* Assigned task: Whenever a line in this data holds the word "what", report that line in full.

* Material for the task:
Content starts
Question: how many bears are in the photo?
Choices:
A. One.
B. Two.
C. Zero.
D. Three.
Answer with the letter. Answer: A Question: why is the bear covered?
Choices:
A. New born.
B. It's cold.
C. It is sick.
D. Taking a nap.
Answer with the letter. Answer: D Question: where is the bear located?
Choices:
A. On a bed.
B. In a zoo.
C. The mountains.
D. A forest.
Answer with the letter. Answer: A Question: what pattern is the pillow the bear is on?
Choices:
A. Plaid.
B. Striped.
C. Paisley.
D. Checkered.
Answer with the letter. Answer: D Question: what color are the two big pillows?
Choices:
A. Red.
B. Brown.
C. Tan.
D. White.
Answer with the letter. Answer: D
Content ends
Content starts
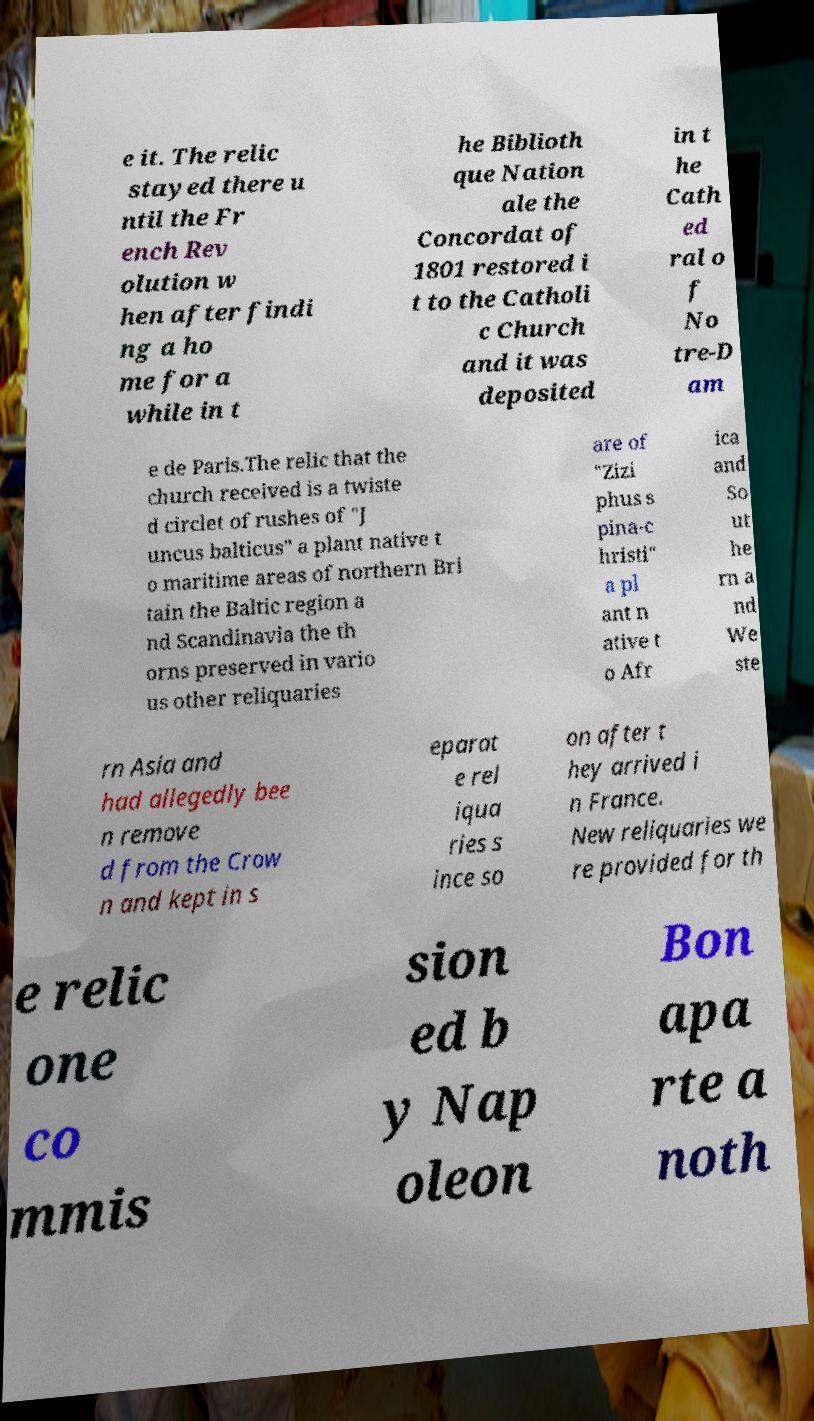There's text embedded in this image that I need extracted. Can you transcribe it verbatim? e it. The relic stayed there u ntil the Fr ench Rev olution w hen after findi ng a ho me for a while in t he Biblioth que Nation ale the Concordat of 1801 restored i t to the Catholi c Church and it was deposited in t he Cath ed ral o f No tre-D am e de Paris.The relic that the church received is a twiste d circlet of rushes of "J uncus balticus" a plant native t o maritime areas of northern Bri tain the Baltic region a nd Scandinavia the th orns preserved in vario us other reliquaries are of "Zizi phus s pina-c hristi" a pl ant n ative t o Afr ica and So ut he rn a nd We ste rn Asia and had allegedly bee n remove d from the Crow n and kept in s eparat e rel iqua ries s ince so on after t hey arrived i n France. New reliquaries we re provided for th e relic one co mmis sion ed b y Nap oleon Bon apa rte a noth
Content ends
* Solution to this task:
Answer with the letter. Answer: A Question: what pattern is the pillow the bear is on?
Answer with the letter. Answer: D Question: what color are the two big pillows?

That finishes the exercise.